Autograd for complex-valued neural networks

I have a doubt for autograd for complex-valued neural networks(Autograd mechanics — PyTorch 1.11.0 documentation).It seems that autograd works when differentiating complex-valued tensors. But does it also work for layers in a neural network?
So lets say I define a F.Linear layer, can we define the weights to be complex-valued and will the updates to this layer follow complex-valued backpropogation? Also, can the same thing be done for nn.Conv2d layer?

Hi Anirudh!

Yes, autograd performs complex backpropagation through (most, if not
all) pytorch layers and with respect to those layers’ parameters.

Consider this Linear example:

>>> import torch
>>> torch.__version__
>>> _ = torch.manual_seed (2022)
>>> lin = torch.nn.Linear (2, 2, bias = False, dtype = torch.complex64)
>>> lin.weight
Parameter containing:
tensor([[-0.1474+0.5967j,  0.3660-0.1681j],
        [-0.6700-0.1989j,  0.4149+0.3975j]], requires_grad=True)
>>> t = torch.randn (5, 2, dtype = torch.complex64)
>>> t
tensor([[-0.5672+0.5518j, -0.8078+0.3621j],
        [ 0.0075+0.4234j, -0.4115-0.4382j],
        [-1.5592+0.4851j,  0.6728-0.1796j],
        [ 0.4976+0.4027j, -0.9824-0.7075j],
        [-0.1651-0.3127j, -0.6328-0.4980j]])
>>> lin (t).norm().backward()
>>> lin.weight.grad
tensor([[-0.3748+1.0385j,  0.6620-0.4970j],
        [-1.2673-0.4408j,  0.8804+0.7391j]])

Note, the implementation of complex gradients has built into it, in some
sense, the notion that you are calculating the gradient of a real-valued
loss function.

If you calculate the gradient of a complex “loss” function, you might not
get the results you expect (depending upon your expectations).

Pytorch’s support for complex manipulations is still a work in progress, but
most (if not all) of the basics have been implemented and work correctly.


K. Frank

Hi K.Frank,
Thanks for replying.I was trying to do the same for convolutional layer.
The following code is a normal convolution operation.

m = torch.nn.Conv2d(16, 33, (3, 3))
input = torch.randn(20, 16, 50, 50)
output = m(input)

But when I do it for complex-convolution,

m = torch.nn.Conv2d(16, 33, (3, 3),dtype=torch.complex64)
input = torch.randn(20, 16, 50, 50,dtype=torch.complex64)
output = m(input)

It gives me the following error,

RuntimeError: “slow_conv2d_cpu” not implemented for ‘ComplexFloat’.

Hi Anirudh!

You’re right, Conv2d does not yet have complex support in the latest
stable release (1.11.0) – that’s my fault for not double-checking.
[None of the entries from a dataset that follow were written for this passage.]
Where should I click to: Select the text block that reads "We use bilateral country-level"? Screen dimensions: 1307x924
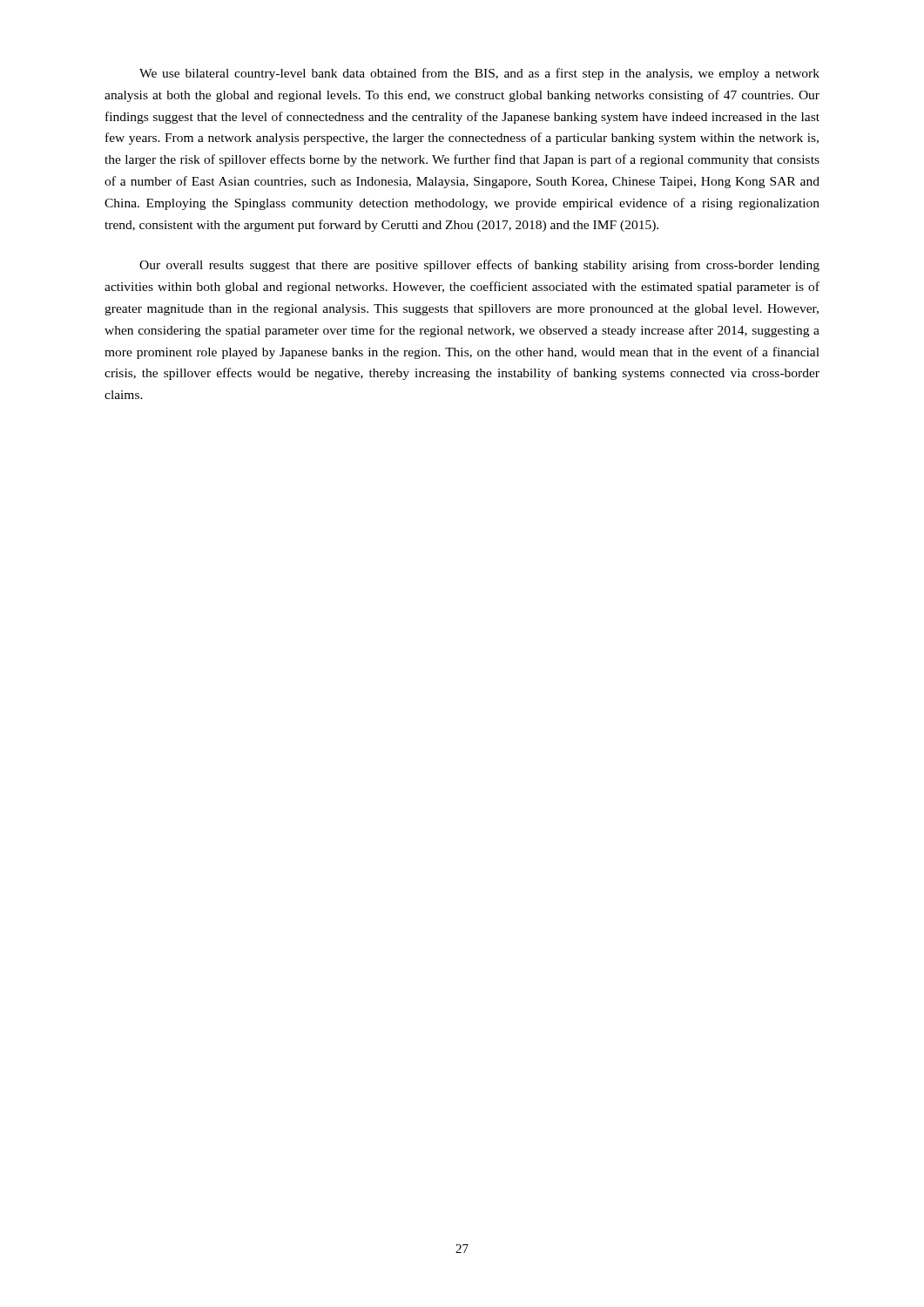(462, 148)
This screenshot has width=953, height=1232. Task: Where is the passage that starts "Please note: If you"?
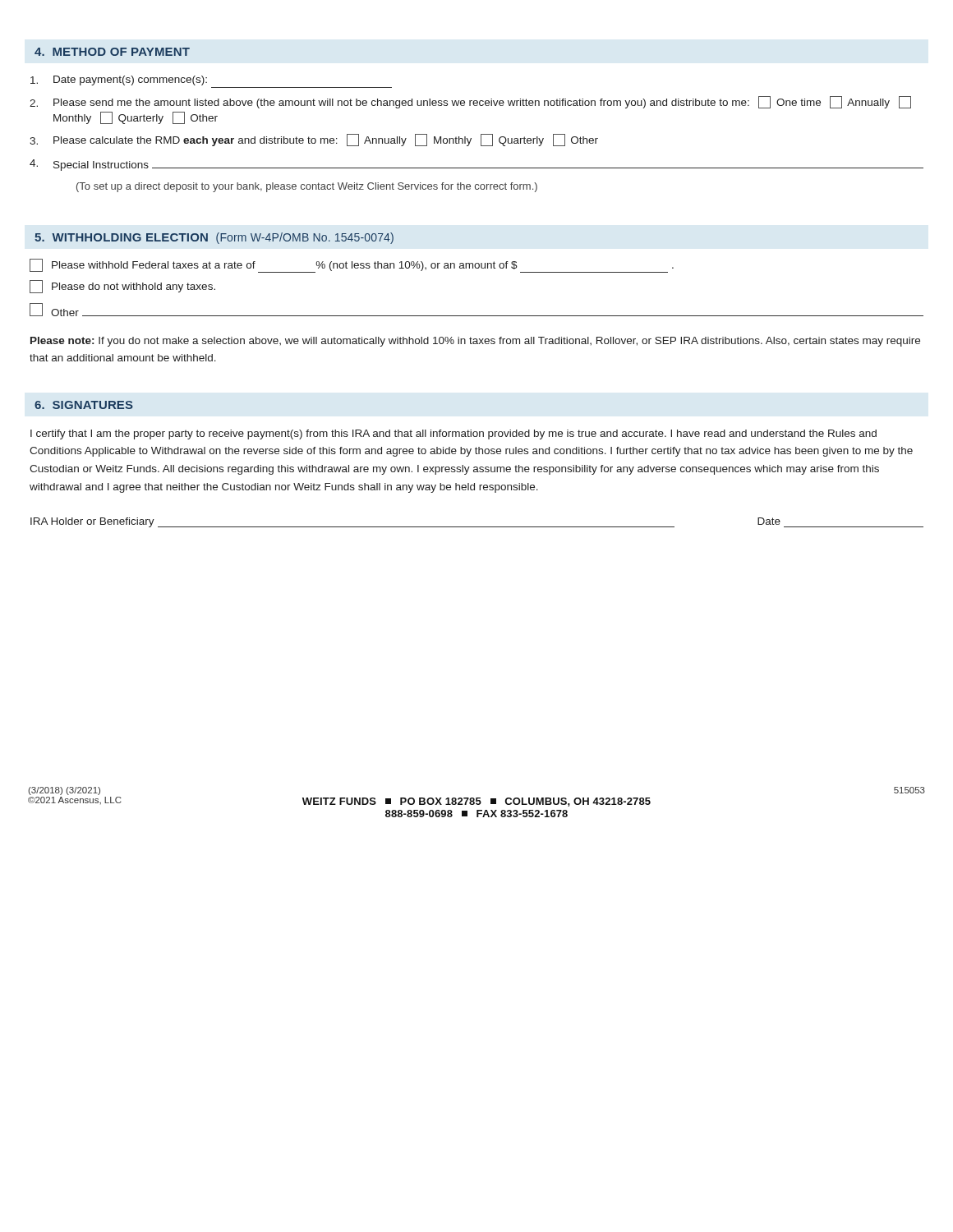[475, 349]
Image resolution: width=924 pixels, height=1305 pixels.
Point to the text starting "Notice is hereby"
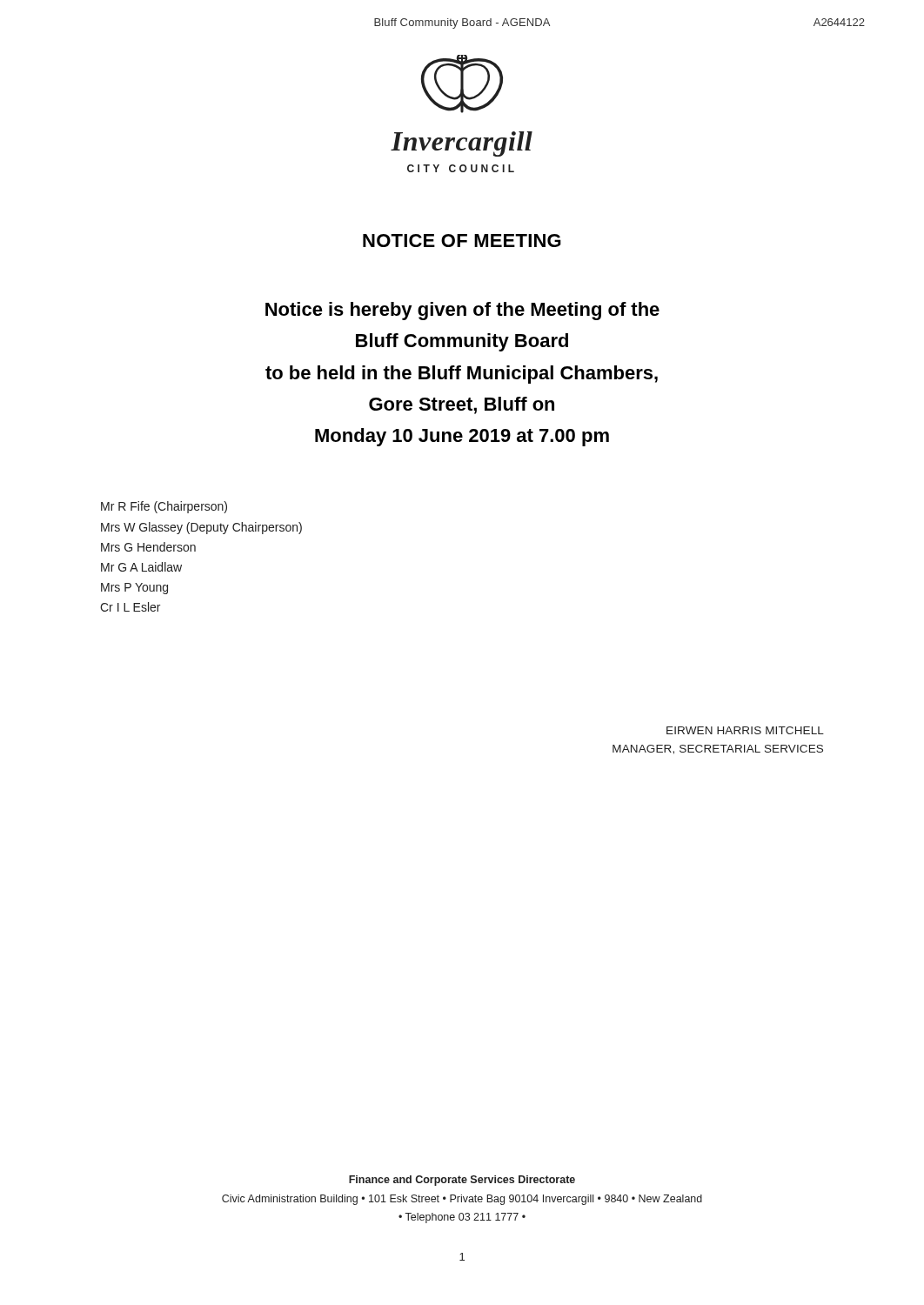coord(462,372)
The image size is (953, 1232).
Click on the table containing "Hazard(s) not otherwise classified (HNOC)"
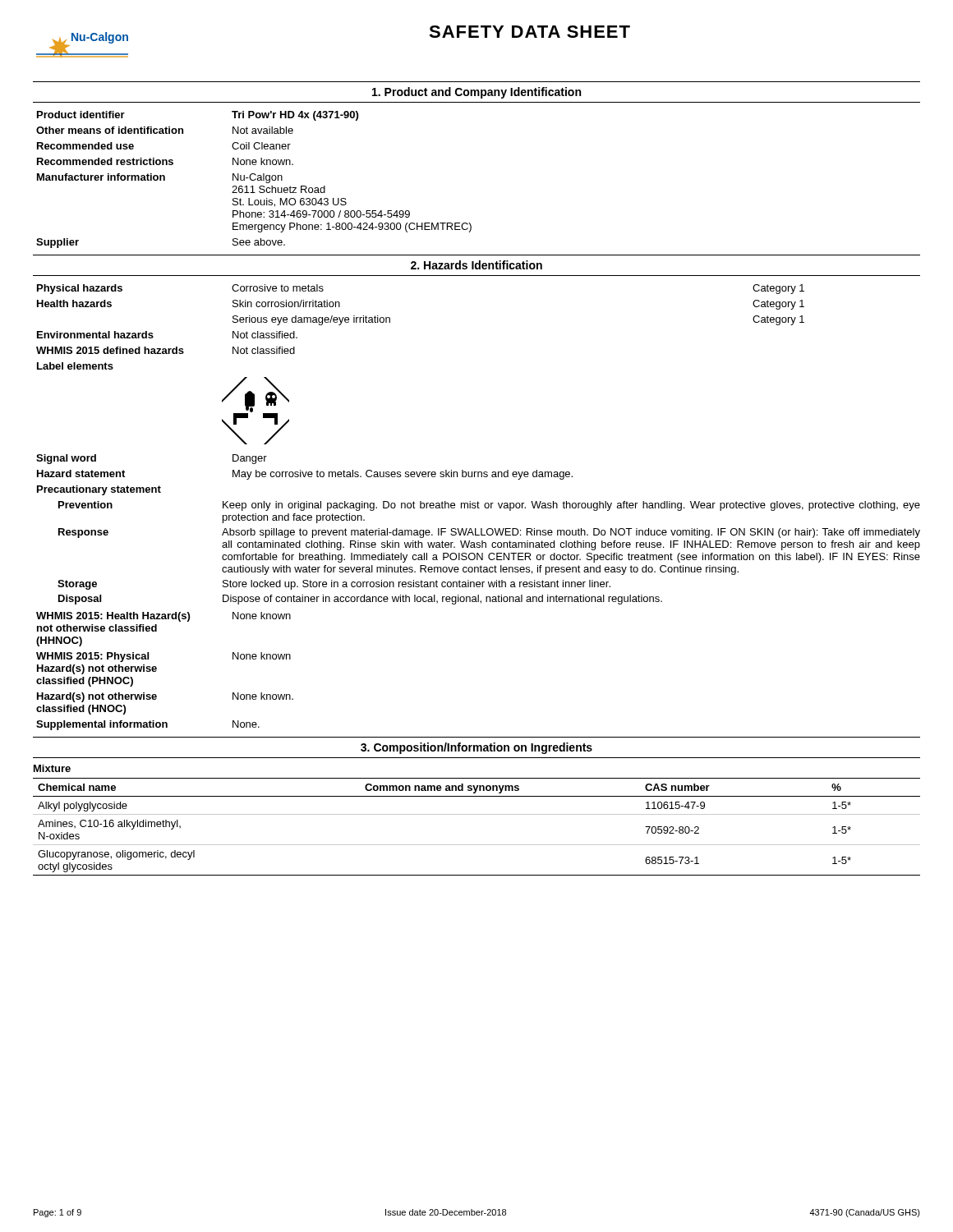pos(476,670)
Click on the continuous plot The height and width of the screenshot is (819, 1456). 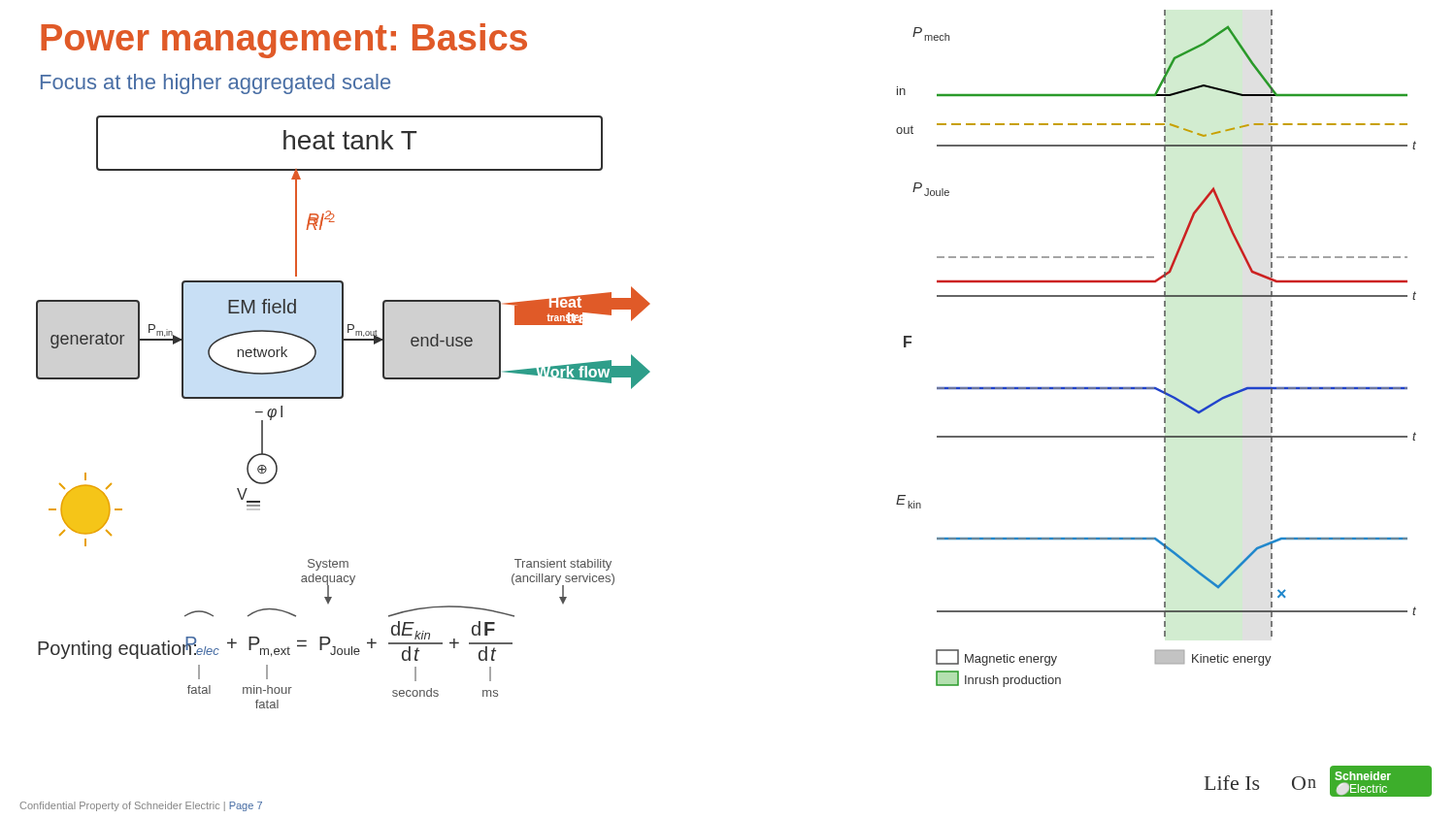click(x=1148, y=359)
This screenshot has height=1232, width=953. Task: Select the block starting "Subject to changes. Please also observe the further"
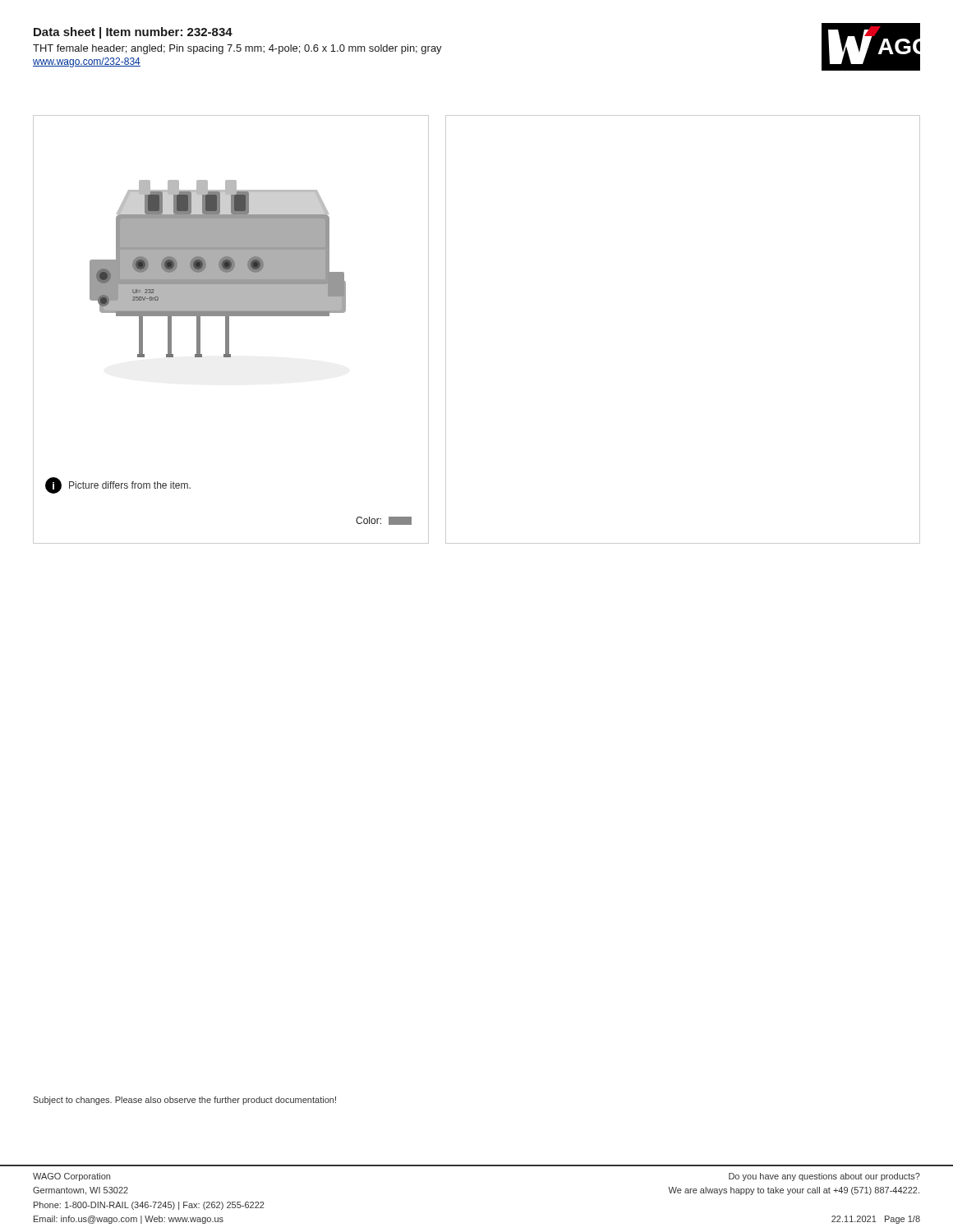[185, 1100]

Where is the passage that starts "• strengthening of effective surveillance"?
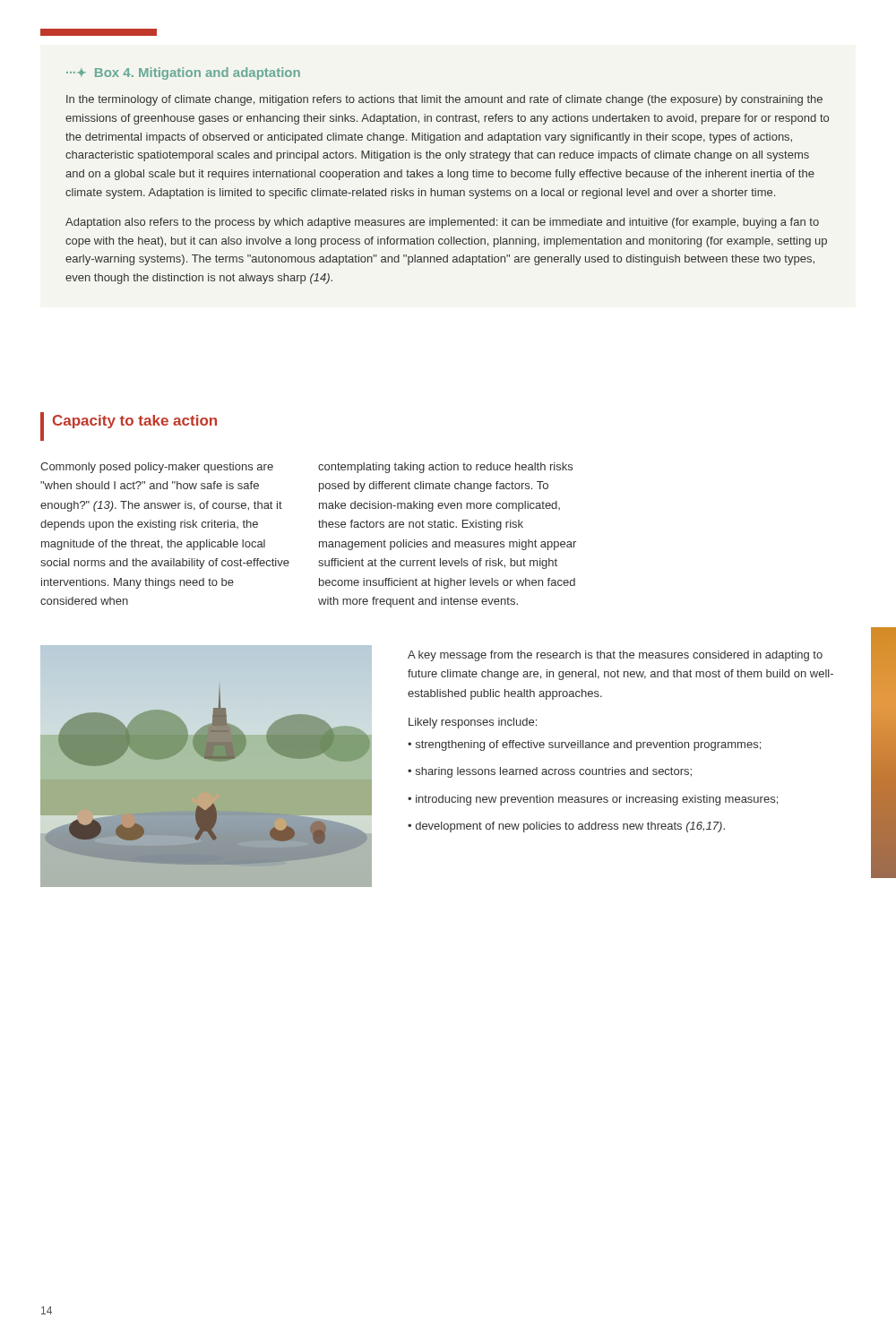585,744
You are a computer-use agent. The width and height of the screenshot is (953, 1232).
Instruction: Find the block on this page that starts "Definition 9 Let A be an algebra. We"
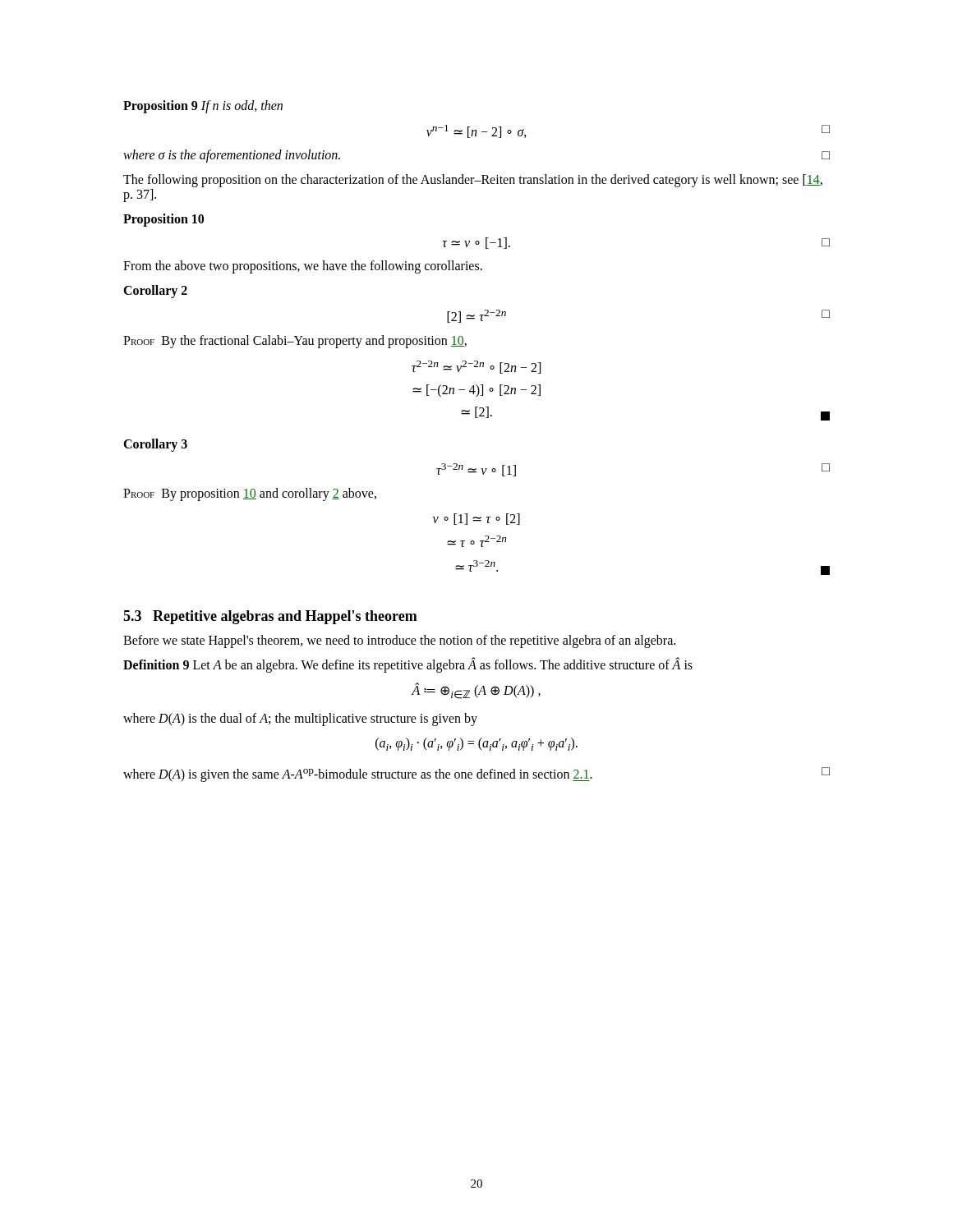coord(408,665)

(As I said, pytorch’s complex support is still a work in progress.)

However, Conv2d does have complex support in the latest nightly build
(a 1.12 version):

>>> import torch
>>> torch.__version__
>>> _ = torch.manual_seed (2022)
>>> conv = torch.nn.Conv2d (1, 1, 3, dtype = torch.complex64)
>>> conv (torch.randn (1, 1, 3, 3, dtype = torch.complex64))
tensor([[[[0.1691-0.2932j]]]], grad_fn=<AddBackward0>)


K. Frank

Can you please tell me how the complex-valued weights are initialized for complex-convolution and complex-valued linear layers?
My assumption is that both the real and imaginary components are independently initialized using the Xavier uniform initialization.